New plan: Find some average batting average to use as a *prior* probability distribution. Then treat the weight of a player's career as the *evidence* upon which to conditionalize. This will remove the players with very few career appearances from the top of our worst hitters list, since the prior (if we choose it appropriately) will dominate over the new evidence.  Inversely, players with long careers should have their actual numbers dominate over the prior.

Now getting a hit is a binary process (hit or no hit), so we can use the [beta-binomial distribution](https://en.wikipedia.org/wiki/Beta-binomial_distribution), since the beta distribution is a [conjugate prior](https://en.wikipedia.org/wiki/Conjugate_prior) for a binomial likelihood.

Taking advantage of conjugacy here means that I can simply add a player's career hits and at-bats to the prior's hits and at-bats to get an updated estimate of a player's batting average.

#### Setting the prior

I'm going to use .260 as an average MLB batting average.

In [None]:
# Prior

successes = 26
failures = 74
alpha_prior = successes + 1
beta_prior = failures + 1

beta_dist = stats.beta(alpha_prior, beta_prior)

fig, ax = plt.subplots(figsize=(8, 5))
pvals = np.linspace(0, 1, 101)
prior = beta_dist.pdf(pvals)

ax.plot(pvals, prior, lw=3)
ax.set_xlabel('p', fontsize=16)
ax.set_ylabel('P(p | a,b)\n', fontsize=16)
ax.set_title(f'Beta PDF for alpha={alpha_prior}, beta={beta_prior}\n',
            fontsize=18)
plt.show()

#### Adding a Maximum A Posteriori Column

In [None]:
# A:

players['MAP'] = (players['H'] + 26) / (players['AB'] + 100)

In [None]:
players.sort_values('MAP', ascending = False).head()

In [None]:
players = players.reset_index()

#### Adding an `Era` Column

In [None]:
players = players.rename({'MAP': 'MAP_avg'}, axis = 1)

players['Era'] = (players['year_rect'] / players['seasons']).astype(int)

Some players had perfect averages (going 1 for 1 in their careers or the like).
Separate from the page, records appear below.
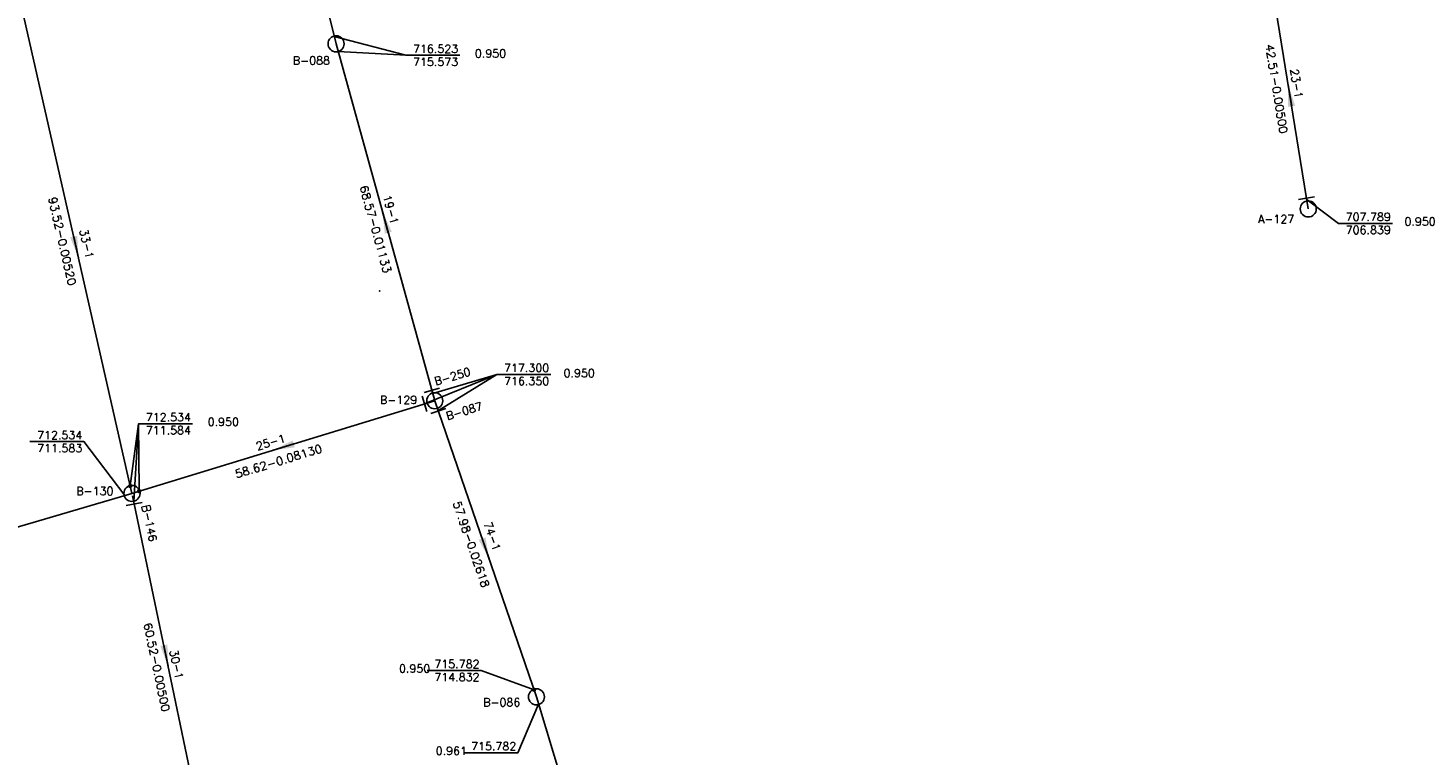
# Model space of a CAD drawing. Extents: x 197221 to 199539, y 8705820 to 8707465.
# Tile 13 of 33: x 197908 to 198168, y 8706075 to 8706210. Entities that reach past the tile are written whole.
import ezdxf
from ezdxf.enums import TextEntityAlignment as Align

# ---------------------------------------------------------------- set-up
doc = ezdxf.new("R2010")
doc.units = 0
doc.header["$LTSCALE"] = 5
doc.header["$MEASUREMENT"] = 0
doc.header["$PDSIZE"] = 0.3
doc.layers.get('0').update_dxf_attribs({"linetype": 'CONTINUOUS'})
for name, color, linetype in [('ESTACAO', 5, 'CONTINUOUS'), ('LIDER', 21, 'CONTINUOUS'), ('NUMEROTRECHO', 24, 'CONTINUOUS'), ('NUMPV', 24, 'CONTINUOUS'), ('PE', 7, 'CONTINUOUS'), ('PL', 23, 'CONTINUOUS'), ('PV', 23, 'CONTINUOUS'), ('REDE', 20, 'CONTINUOUS'), ('SETA', 21, 'CONTINUOUS'), ('TEXTOPVS', 24, 'CONTINUOUS'), ('TEXTOTRECHO', 24, 'CONTINUOUS')]:
    doc.layers.add(name, color=color, linetype=linetype)
doc.layers.get('0').freeze()
doc.styles.add('ROMANS', font='romans.shx', dxfattribs={"width": 0.85})
doc.styles.get("Standard").update_dxf_attribs({"font": 'romans.shx'})

# ---------------------------------------------------------------- blocks, each defined once
blk = doc.blocks.new('SETA')
blk.add_line((2, 0), (-2, 0))
blk.add_solid([(-2, -0.67), (-2, 0.67), (2, 0)])
blk = doc.blocks.new('PL')
at = {"layer": 'PL'}
blk.add_line((2.01, 1.49), (2.01, -1.49), dxfattribs=at)
blk.add_circle((0, 0), 1.49, dxfattribs=at)
blk = doc.blocks.new('PV')
blk.add_circle((0, 0), 1.49)
blk = doc.blocks.new('NODG')
at = {"const_width": 1}
blk.add_lwpolyline([(-0.5, 0, 1), (0.5, 0, 1)], format="xyb", close=True, dxfattribs=at)

msp = doc.modelspace()

# ---------------------------------------------------------------- linework, layer by layer
at = {"layer": 'ESTACAO'}
for p in [(197973.48, 8706161.03, 717.47), (197927.61, 8706123.55, 712.53)]:
    msp.add_point(p, dxfattribs=at)
at = {"layer": 'LIDER'}
for p, q in [((197978.3, 8706204.68, 716.52), (197965.77, 8706205.38)), ((197995.15, 8706145.58, 717.3), (197981.74, 8706140.13, 717.3)), ((197995.15, 8706145.58, 717.3), (197984.07, 8706138.73, 717.3)), ((197928.84, 8706136.46, 713.02), (197927.98, 8706122.06, 712.53)), ((197928.84, 8706136.46, 713.02), (197928.95, 8706124.16, 717.3))]:
    msp.add_line(p, q, dxfattribs=at)
for points, elevation in [([(197965.06, 8706208.17), (197978.3, 8706204.68), (197988.3, 8706204.68)], 716.52), ([(198145.12, 8706177.91), (198150.93, 8706173.55), (198160.93, 8706173.55)], 707.79), ([(197983.29, 8706142.06), (197995.15, 8706145.58), (198005.15, 8706145.58)], 717.3), ([(197927.3, 8706124.92), (197928.84, 8706136.46), (197938.84, 8706136.46)], 713.02), ([(197926.27, 8706123.16), (197918.72, 8706133.15), (197908.72, 8706133.15)], 712.53), ([(198002.03, 8706087.19), (197992.25, 8706090.75), (197982.25, 8706090.75)], 717.3), ([(198002.89, 8706084.53), (197999.05, 8706075.52), (197989.05, 8706075.52)], 715.78)]:
    msp.add_lwpolyline(points, dxfattribs=dict(at, elevation=elevation))
at = {"layer": 'REDE'}
for p, q in [((197965.39, 8706206.81, 716.52), (197955.53, 8706247.35, 715.1)), ((198145.34, 8706176.23, 707.79), (198138.56, 8706218.19, 707.72)), ((197906.93, 8706214.76, 713.02), (197927.61, 8706123.55, 712.53)), ((197983.66, 8706140.71, 717.3), (197965.39, 8706206.81, 716.52)), ((197983.66, 8706140.71, 717.3), (197927.61, 8706123.55, 712.53)), ((197983.66, 8706140.71, 717.3), (198002.48, 8706085.87, 715.78)), ((197927.61, 8706123.55, 712.53), (197870.44, 8706106.74, 708.86)), ((197927.74, 8706123.11, 712.53), (197940.09, 8706063.86, 712.34)), ((198002.48, 8706085.87, 715.78), (198016.24, 8706040.11, 715.9))]:
    msp.add_line(p, q, dxfattribs=at)

# ---------------------------------------------------------------- block references
at = {"layer": 'LIDER', "xscale": 0.4, "yscale": 0.4, "zscale": 0.4}
for p in [(197927.3, 8706124.92, 713.02), (197928.95, 8706123.96, 717.3), (198002.03, 8706087.19, 717.3)]:
    msp.add_blockref('NODG', p, dxfattribs=at)
at = {"layer": 'PE', "rotation": 281.7694631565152}
msp.add_blockref('PL', (197927.61, 8706123.55, 712.53), dxfattribs=at)
at = {"layer": 'PL'}
for p, rotation in [((198145.34, 8706176.23), 99.17842135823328), ((197983.66, 8706140.71, 717.3), 197.0271813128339), ((197983.66, 8706140.71, 717.3), 105.4512495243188), ((197983.66, 8706140.71, 717.3), 288.9414115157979)]:
    msp.add_blockref('PL', p, dxfattribs=dict(at, rotation=rotation))
at = {"layer": 'PV'}
for p, rotation in [((197965.39, 8706206.81), 68.26865582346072), ((198002.48, 8706085.87), 84.77554531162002)]:
    msp.add_blockref('PV', p, dxfattribs=dict(at, rotation=rotation))
at = {"layer": 'SETA'}
for p, rotation in [((198141.95, 8706197.21), 99.19202968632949), ((197974.53, 8706173.76), 105.4658076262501), ((197917.27, 8706169.15), 282.8156416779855), ((197955.64, 8706132.13), 197.0543819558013), ((197993.07, 8706113.29), 288.9813014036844), ((197933.92, 8706093.48), 281.8083629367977)]:
    msp.add_blockref('SETA', p, dxfattribs=dict(at, rotation=rotation))

# ---------------------------------------------------------------- texts
at = {"layer": 'NUMEROTRECHO', "style": 'ROMANS'}
for s, rotation, p in [('23-1', 279.1785, (198142.42, 8706199.31)), ('19-1', 285.4514, (197974.77, 8706175.9)), ('33-1', 282.7768, (197918.49, 8706169.59)), ('25-1', 17.0271, (197953.49, 8706132.31)), ('74-1', 288.9416, (197993.57, 8706115.37)), ('30-1', 281.7696, (197935.11, 8706091.69))]:
    msp.add_text(s, height=1.5, rotation=rotation, dxfattribs=at).set_placement(p, align=Align.CENTER)
at = {"layer": 'NUMPV', "style": 'ROMANS'}
for s, p in [('B-088', (197960.83, 8706202.97)), ('A-127', (198139.4, 8706173.61)), ('B-129', (197976.97, 8706140.12)), ('B-130', (197920.75, 8706123.24)), ('B-086', (197996.05, 8706084.11))]:
    msp.add_text(s, height=1.5, dxfattribs=at).set_placement(p, align=Align.CENTER)
for s, rotation, p in [('B-250', 16.1237, (197987.14, 8706144.5)), ('B-087', 16.7098, (197989.34, 8706138.09)), ('B-146', 281.7696, (197930.11, 8706117.87))]:
    msp.add_text(s, height=1.5, rotation=rotation, dxfattribs=at).set_placement(p, align=Align.CENTER)
at = {"layer": 'TEXTOPVS', "style": 'ROMANS'}
for s, p in [(' 716.523', (197983.3, 8706204.68)), (' 715.573', (197983.3, 8706202.25)), ('   0.950', (197992.3, 8706203.82)), (' 707.789', (198155.93, 8706173.55)), ('   0.950', (198164.36, 8706172.7)), (' 706.839', (198155.93, 8706171.13)), (' 717.300', (198000.15, 8706145.58, 716)), (' 716.350', (198000.15, 8706143.15, 716)), ('   0.950', (198008.72, 8706144.63, 716)), (' 712.534', (197933.84, 8706136.46)), ('   0.950', (197942.84, 8706135.6)), (' 712.534', (197913.72, 8706133.15)), (' 711.584', (197933.84, 8706134.03)), (' 711.583', (197913.72, 8706130.72)), ('   0.950', (197978.25, 8706089.9)), (' 715.782', (197987.25, 8706090.75)), (' 714.832', (197987.25, 8706088.32)), (' 715.782', (197994.05, 8706075.52)), ('   0.961', (197985.05, 8706074.66))]:
    msp.add_text(s, height=1.5, dxfattribs=at).set_placement(p, align=Align.BOTTOM_CENTER)
at = {"layer": 'TEXTOTRECHO'}
for s, rotation, width, p, p2 in [('42.51-0.00500   ', 279.1788, 0.906061, (198137.39, 8706206.6), (198140.58, 8706186.86)), ('93.52-0.00520   ', 282.7758, 0.906202, (197912.14, 8706178.24), (197916.56, 8706158.74)), ('68.57-0.01133   ', 285.4503, 0.906138, (197969.75, 8706180.33), (197975.08, 8706161.05)), ('58.62-0.08130   ', 17.0269, 0.906085, (197946.95, 8706126.34), (197966.08, 8706132.19)), ('57.98-0.02618   ', 288.9404, 0.906191, (197986.99, 8706121.78), (197993.48, 8706102.86)), ('60.52-0.00500   ', 281.7678, 0.906165, (197929.76, 8706099.4), (197933.84, 8706079.82))]:
    msp.add_text(s, height=1.5, rotation=rotation, dxfattribs=dict(at, width=width)).set_placement(p, p2, align=Align.FIT)

doc.saveas('drawing.dxf')

Their new `MAP_avg` scores should be close to .260.

In [None]:
players[players['avg'] == max(players['avg'])].head()

#### Experimenting with Different Numbers for the Prior's Hits and At-Bats

In [None]:
def avg_prior(h, ab):
    """
    This function takes in a number of hits and a number of at-bats
    to use as prior values for the Bayesian MAP Method. It returns
    the top (worst) hitter according to the MAP average. The ratio
    of hits to at-bats should be (near) 26:100.
    """
    players['MAP_avg'] = (players['H'] + h) / (players['AB'] + ab)
    return players.sort_values('MAP_avg',
                               #ascending=False
                              ).head(10)['playerID']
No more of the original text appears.